La variété des préférences sur l’utilisation des vidéos ou des séances magistrales exprimées par les 161 étudiants ayant répondu au sondage de fin de trimestre nous rappelle à quel point il est important de varier ses types de ressources pédagogiques. L’usage de ces ressources a été fait en fonction d’une pluralité de raisons qui justifiaient parfois l’un, parfois l’autre type, selon les besoins de chacun. Le visionnement des vidéos n’a pas été effectué pour les mêmes raisons dans les trois regroupements d’étudiants où les auteurs ont observé leur utilisation. De la même façon, les conditions des séances magistrales plaisaient à certains étudiants, mais pas à d’autres. Les étudiants ont des besoins très diversifiés dans leur apprentissage; c’est ce que l’étude révèle pour l’enseignement des mathématiques, du moins.

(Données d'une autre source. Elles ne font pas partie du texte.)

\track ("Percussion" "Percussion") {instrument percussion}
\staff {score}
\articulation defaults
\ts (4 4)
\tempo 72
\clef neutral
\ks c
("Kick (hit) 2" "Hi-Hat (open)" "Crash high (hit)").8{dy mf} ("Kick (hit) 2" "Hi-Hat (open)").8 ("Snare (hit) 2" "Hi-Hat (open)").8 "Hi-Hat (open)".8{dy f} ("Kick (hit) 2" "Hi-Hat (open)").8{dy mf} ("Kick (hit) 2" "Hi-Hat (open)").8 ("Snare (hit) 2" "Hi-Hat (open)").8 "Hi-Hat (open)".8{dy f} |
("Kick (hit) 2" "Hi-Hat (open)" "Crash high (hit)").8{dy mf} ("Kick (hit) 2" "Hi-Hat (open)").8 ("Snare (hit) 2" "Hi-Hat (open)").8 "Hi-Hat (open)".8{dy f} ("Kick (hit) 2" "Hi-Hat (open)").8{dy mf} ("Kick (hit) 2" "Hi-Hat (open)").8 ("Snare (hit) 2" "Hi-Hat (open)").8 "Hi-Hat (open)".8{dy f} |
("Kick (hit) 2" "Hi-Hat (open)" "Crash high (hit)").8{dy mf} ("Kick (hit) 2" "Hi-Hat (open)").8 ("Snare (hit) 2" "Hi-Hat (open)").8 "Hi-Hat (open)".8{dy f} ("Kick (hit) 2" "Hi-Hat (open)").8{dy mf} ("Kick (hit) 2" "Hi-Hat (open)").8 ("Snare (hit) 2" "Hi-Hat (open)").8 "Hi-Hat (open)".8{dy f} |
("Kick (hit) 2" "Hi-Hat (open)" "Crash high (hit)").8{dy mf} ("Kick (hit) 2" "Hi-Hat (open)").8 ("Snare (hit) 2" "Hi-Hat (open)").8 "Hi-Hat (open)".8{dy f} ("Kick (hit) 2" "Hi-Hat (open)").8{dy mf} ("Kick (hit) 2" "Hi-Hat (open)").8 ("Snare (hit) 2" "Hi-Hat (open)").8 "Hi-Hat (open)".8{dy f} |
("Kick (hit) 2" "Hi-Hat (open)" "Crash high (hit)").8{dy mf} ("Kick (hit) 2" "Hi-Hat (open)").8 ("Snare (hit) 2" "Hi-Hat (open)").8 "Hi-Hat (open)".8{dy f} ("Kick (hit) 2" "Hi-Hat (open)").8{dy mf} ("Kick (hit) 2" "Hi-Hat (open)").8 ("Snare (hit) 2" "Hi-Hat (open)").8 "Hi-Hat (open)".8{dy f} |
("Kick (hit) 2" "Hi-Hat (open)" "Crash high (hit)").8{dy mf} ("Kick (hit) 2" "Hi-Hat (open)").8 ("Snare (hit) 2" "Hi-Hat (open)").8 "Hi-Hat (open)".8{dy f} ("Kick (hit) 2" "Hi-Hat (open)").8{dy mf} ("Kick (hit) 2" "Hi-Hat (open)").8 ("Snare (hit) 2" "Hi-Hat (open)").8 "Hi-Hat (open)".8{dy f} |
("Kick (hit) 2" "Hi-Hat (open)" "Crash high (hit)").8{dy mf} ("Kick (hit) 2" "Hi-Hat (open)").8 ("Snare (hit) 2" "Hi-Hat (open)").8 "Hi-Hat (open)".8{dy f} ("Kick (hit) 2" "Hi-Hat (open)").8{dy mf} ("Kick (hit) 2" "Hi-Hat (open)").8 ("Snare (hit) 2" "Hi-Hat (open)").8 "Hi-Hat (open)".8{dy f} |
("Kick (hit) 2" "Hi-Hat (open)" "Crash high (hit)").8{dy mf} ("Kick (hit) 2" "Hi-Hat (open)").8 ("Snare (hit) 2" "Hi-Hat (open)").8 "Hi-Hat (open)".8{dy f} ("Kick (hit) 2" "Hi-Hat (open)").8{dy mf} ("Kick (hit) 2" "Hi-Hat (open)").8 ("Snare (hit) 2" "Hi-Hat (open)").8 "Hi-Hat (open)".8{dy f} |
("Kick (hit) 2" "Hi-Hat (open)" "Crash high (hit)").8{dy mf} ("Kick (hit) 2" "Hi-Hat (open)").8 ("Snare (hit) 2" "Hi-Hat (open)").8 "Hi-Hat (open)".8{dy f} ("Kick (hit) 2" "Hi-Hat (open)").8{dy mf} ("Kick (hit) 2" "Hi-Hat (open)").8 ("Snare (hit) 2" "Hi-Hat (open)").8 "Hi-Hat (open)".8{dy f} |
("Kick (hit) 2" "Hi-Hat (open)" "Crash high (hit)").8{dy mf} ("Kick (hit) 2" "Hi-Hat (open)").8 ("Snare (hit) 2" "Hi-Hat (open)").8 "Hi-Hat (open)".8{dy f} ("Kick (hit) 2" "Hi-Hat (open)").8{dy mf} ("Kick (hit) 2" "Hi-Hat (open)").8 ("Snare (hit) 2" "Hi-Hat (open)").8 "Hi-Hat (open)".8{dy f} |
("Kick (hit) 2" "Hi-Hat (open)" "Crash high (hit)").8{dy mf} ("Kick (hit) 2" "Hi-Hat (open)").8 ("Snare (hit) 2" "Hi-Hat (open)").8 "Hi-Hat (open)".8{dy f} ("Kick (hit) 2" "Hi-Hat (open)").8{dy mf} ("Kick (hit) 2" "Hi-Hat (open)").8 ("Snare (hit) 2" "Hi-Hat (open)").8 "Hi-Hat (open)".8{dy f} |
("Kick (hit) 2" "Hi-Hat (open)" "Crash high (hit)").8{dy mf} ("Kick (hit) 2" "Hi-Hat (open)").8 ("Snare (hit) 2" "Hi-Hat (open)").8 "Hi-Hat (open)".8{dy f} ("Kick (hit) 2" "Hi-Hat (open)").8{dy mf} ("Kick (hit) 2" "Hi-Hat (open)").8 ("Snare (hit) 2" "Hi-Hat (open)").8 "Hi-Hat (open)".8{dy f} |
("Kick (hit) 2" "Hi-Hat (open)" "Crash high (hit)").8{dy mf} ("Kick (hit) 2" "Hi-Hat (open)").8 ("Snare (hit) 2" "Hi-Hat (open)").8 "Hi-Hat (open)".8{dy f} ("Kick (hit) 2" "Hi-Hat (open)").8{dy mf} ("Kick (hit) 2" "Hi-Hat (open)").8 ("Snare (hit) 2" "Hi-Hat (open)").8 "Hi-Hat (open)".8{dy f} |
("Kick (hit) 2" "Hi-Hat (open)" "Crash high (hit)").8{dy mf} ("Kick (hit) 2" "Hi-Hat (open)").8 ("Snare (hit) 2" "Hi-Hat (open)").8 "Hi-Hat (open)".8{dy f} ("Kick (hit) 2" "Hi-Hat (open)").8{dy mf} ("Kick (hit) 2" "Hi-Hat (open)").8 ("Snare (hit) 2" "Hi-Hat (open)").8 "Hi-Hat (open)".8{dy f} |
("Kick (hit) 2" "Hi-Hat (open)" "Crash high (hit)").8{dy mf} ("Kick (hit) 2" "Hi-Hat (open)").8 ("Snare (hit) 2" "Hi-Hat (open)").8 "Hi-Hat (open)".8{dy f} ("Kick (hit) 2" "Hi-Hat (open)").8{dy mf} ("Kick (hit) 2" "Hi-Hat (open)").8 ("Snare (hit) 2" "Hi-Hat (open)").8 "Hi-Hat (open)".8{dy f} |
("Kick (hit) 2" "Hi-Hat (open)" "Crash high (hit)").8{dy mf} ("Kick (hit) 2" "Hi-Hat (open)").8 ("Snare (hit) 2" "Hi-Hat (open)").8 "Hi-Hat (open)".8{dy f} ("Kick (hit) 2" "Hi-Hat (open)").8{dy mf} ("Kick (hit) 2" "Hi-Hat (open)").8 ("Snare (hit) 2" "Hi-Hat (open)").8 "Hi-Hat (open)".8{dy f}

Aussi, le fait que les étudiants du regroupement 3 n’ayant assisté qu’aux séances magistrales aient présenté une moyenne de près de 10 % plus élevée que celle des étudiants n’ayant utilisé que les vidéos pourrait être attribuable au fait que ces étudiants ont bénéficié d’un soutien supplémentaire en classe. Pour ce qui est de la formation entièrement à distance, nous pourrions penser, suivant les résultats de cette étude qui portait sur un mode hybride de formation, qu’il est important que l’accompagnement et le soutien des étudiants soit mis de l’avant afin de favoriser au maximum les apprentissages.

Notice biographique

Sophie Beaupré est spécialiste en sciences de l’éducation à l’Université TÉLUQ. Elle cumule plus d’une quinzaine d’années d’expérience dans le milieu de l’éducation. En 2014, elle reçoit un certificat d’excellence de l’Université TÉLUQ pour ses résultats obtenus en technologie éducative. Elle est co-auteure du Guide de conception et d’utilisation du manuel numérique universitaire (PUQ, 2013). Elle a collaboré au développement de cours universitaires s’étant vu décerner un prix (Prix de la ministre pour « Stratégie d’entreprise », TÉLUQ, 2011) et une reconnaissance (mention de l’Infothèque de l’Agence universitaire de la Francophonie pour « Travail intellectuel en philosophie », UQAM, 2005). Elle participe aux Lectures choisies du site Pédagogie universitaire depuis 2015.